Introduction
The use of caffeine-rich food dates back to at least 350 A.D, when the cultivation of tea started in China. Not only tea, but the consumption of coffee also dates back to about the middle of the 17th century. Since then, there has been no looking back, and consumption of both tea and coffee has increased by leaps and bounds. The importance of tea and coffee can be gauged by the fact many people cannot even think of starting mornings without a cup of tea or coffee.
What Causes Tea or Coffee Addiction?
Different types of tea contain various amounts of caffeine.
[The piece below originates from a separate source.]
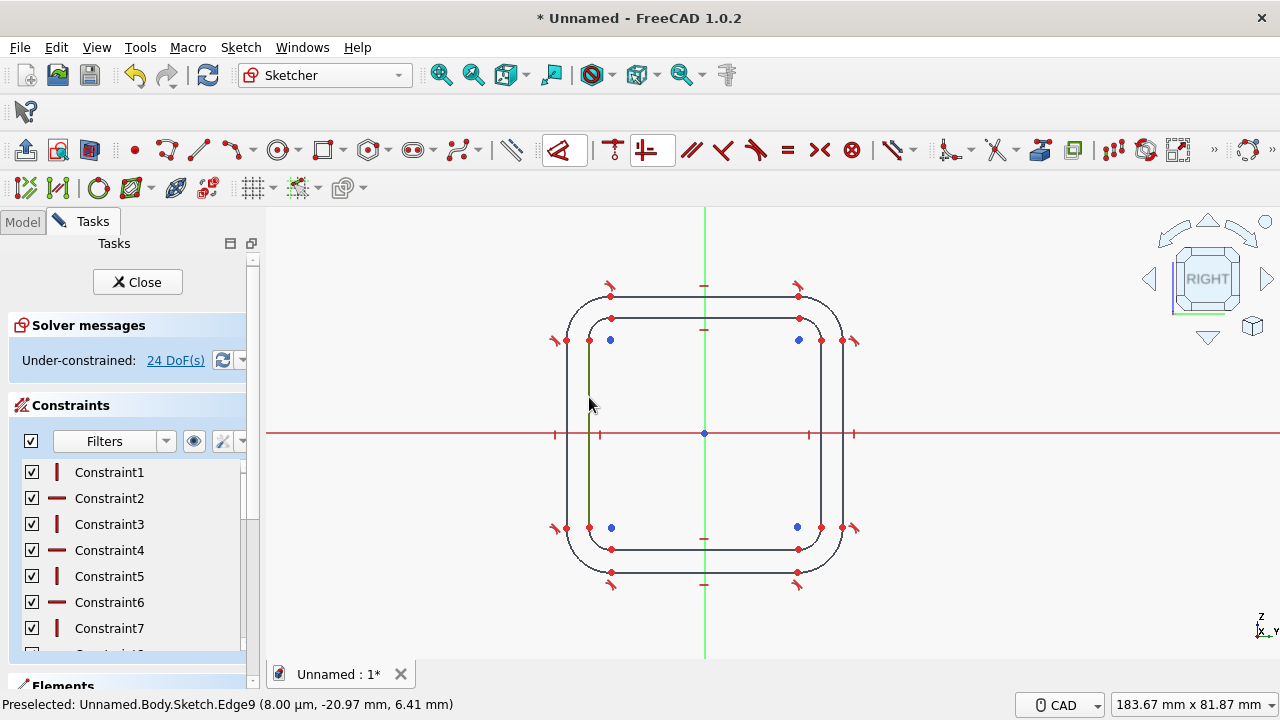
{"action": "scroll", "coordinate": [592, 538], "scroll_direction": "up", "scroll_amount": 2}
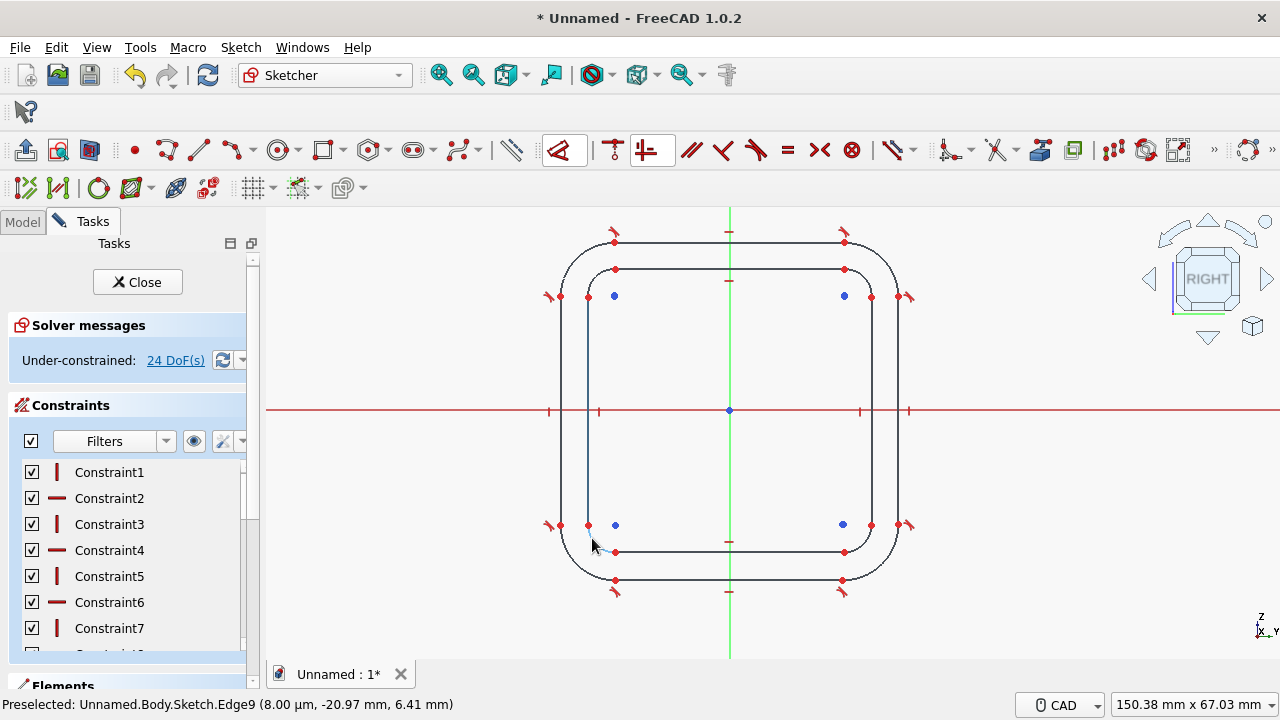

It is a natural stimulant and has potentially addictive properties. Caffeine has a chemical structure similar to that of adenosine, which is found in the body and helps to relax the central nervous system. Due to the similarity in the structure, the caffeine binds to the adenosine receptors in the brain and blocks the adenosine from binding. Thus, the lack of adenosine bindings tells the body that it is tired. This, in turn, can largely release other natural stimulants like dopamine. The release of other stimulants suppresses tiredness and makes a person alert. In people regularly taking caffeine-containing beverages, the brain cells make more adenosine receptors to compensate for the ones blocked by the caffeine. The effect is that an individual needs more caffeine to experience the same effect from caffeine. This results in addiction and needs a regular dose of caffeine. Sudden stoppage of caffeine will be difficult and cause withdrawal symptoms.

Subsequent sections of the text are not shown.